Let’s try looking at this another way. I believe the Region’s total budget is in the neighbourhood of $1.2 billion a year? If we scale these numbers down to what’s comprehensible to ordinary people, it’s like saying: I have $1200 in the bank and somebody steals my wallet containing $5.50. I was planning to buy bread and milk on the way home with that $5.50. And the $1200 is all earmarked for bills. What would I do? Am I going to stop buying bread and milk? Of course not. I’m indignant about the money being taken, but I’ll adjust something else to keep the essentials on the table. It’s only a crisis if you think that all the other budget items are unyielding.

There must be other areas where a little can be saved. Two people around my table at the Opportunities Waterloo luncheon meeting yesterday said that needless road work had been done on their streets in the last few years. Are we holding up every expenditure to the light of the needs of the hungry and homeless? This has to become central to all of our thinking. Could some expenditures be spread over more years, for example, so that there’s enough each year to replace the money for the poor that’s been taken away?

I want to return now to the money that was saved when Ontario uploaded the cost of the disability program two years ago. The gain of apx $10 million was an ongoing saving, was it not? And most of it hasn’t been spent yet has it? Just allocated for the Light Rail Transit project? It can be reallocated.

You must wish you had this money now. There was an implicit obligation to the people, to use it for a poverty-related purpose. If you took it away from the poor before, you can give it back to them now. What if the LRT had to be rolled out over five years instead of four? Would it be a disaster?

We wouldn’t like it — I wouldn’t like it — but it wouldn’t be a disaster. But not taking care of the hungry and homeless — that’s a disaster.

We in the Alliance Against Poverty say, increase funding for social welfare in times of restraint. This would be bold and innovative. Maintain the existing programs and expand them to include bus passes and higher quality food hampers. Extend dental benefits to the working poor. Fly in the face of the austerity demon. You know why? Not only is the need greater during times of austerity, as we all know — but taking care of the base supports all of society. It saves you on shelters, hospital beds, and policing, we know all this — and it also improves the quality of the whole community. Businesses don’t want to locate where there’s a lot of homelessness and destitution. They want consumers who can buy, and people they can hire who have stable lives. Nothing destabilizes family life and mental health like poverty.
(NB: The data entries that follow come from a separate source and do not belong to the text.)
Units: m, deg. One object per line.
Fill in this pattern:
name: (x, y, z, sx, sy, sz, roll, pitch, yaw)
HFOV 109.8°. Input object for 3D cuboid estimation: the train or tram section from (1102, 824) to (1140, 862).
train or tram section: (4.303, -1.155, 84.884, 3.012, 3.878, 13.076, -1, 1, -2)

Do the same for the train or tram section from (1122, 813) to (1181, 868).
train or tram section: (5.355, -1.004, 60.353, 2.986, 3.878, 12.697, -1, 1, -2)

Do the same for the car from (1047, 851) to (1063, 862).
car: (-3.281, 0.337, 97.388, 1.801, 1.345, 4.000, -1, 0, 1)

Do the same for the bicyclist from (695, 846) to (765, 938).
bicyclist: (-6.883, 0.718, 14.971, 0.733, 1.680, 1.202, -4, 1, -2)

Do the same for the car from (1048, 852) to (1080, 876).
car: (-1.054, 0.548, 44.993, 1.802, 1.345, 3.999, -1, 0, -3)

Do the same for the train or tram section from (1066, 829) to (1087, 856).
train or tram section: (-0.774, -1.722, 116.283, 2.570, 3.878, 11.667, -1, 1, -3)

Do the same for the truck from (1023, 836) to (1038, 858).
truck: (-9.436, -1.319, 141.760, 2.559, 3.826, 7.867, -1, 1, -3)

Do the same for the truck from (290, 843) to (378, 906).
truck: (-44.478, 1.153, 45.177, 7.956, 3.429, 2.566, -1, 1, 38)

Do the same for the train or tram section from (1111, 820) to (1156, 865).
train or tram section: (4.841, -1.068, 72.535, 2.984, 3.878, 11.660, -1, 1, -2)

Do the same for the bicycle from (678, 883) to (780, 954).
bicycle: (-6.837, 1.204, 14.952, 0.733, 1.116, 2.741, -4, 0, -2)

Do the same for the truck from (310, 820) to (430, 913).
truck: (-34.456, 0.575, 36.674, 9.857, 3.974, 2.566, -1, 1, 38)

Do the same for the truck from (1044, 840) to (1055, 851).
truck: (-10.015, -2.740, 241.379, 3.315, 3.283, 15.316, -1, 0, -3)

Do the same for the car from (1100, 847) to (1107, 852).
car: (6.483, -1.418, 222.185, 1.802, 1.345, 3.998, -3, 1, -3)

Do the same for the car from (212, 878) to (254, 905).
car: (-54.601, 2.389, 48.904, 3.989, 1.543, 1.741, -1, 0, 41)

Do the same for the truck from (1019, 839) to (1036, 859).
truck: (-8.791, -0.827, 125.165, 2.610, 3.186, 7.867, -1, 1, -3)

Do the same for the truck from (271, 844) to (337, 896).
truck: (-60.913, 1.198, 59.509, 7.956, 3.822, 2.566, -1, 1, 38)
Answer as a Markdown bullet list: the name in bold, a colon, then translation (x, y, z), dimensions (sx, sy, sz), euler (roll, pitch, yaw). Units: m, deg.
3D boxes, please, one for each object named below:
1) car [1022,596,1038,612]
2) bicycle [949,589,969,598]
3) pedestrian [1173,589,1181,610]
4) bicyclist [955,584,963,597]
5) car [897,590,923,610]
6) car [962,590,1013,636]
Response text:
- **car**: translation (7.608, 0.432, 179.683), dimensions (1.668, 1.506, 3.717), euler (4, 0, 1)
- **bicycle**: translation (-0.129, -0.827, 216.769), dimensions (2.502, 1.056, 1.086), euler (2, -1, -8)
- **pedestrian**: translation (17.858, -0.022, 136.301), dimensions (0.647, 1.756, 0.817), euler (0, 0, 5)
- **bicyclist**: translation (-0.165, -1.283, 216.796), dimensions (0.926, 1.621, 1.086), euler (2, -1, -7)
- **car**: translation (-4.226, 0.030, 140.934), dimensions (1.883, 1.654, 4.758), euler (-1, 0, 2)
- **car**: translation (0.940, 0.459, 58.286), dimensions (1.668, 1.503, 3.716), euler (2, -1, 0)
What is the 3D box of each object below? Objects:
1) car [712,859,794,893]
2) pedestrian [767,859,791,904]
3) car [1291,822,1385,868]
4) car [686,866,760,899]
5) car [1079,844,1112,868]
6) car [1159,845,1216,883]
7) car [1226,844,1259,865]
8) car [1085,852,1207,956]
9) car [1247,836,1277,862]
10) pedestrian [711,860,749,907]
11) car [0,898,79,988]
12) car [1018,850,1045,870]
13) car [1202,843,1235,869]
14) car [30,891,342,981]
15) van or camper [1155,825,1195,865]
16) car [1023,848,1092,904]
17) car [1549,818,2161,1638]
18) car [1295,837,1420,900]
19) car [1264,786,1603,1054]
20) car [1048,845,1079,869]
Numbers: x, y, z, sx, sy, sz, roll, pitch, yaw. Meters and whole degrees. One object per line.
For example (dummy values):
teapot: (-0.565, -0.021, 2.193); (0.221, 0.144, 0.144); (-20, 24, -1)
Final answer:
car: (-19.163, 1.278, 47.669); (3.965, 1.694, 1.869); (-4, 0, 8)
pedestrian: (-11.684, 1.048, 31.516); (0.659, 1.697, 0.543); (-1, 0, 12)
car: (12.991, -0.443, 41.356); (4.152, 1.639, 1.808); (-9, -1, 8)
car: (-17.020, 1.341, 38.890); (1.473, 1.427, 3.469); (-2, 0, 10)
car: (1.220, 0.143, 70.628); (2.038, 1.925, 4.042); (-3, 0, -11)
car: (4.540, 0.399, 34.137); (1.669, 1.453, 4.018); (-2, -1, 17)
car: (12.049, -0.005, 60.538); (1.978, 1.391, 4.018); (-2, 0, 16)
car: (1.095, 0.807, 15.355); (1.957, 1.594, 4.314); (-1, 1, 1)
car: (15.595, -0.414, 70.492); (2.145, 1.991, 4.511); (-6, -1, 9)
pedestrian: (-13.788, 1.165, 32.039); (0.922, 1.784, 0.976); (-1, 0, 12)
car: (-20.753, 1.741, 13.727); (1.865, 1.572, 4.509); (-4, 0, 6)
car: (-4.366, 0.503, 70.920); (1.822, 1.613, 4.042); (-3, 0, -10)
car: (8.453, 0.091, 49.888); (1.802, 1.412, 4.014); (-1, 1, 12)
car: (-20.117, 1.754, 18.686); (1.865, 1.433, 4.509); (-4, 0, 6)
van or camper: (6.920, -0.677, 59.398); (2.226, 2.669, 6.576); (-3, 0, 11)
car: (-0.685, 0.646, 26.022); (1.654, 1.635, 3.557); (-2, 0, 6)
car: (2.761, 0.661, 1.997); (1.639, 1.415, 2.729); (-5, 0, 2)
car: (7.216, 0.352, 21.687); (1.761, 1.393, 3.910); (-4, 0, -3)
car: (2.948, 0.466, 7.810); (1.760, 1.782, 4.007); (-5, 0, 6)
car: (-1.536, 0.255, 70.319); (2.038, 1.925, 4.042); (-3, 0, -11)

So invest in the poor — it pays off. Call it the trickle-up theory. We’ve tried the trickle-down theory for 25 years, but food banks and church basements are only getting fuller. It’s time for a bold new approach.

Don’t be helpless and don’t be resigned. You do have choices. You can be more bold politically and join other regions in challenging the province’s policies. You can be more bold financially and make a firm commitment that the poor come first, because it helps everybody.

You can show the determination, the innovativeness, and the progressive values that Waterloo Region is known for. You can be the leaders we elected you to be.

 

Eleanor Grant is an activist with Alliance Against Poverty in Waterloo, ON.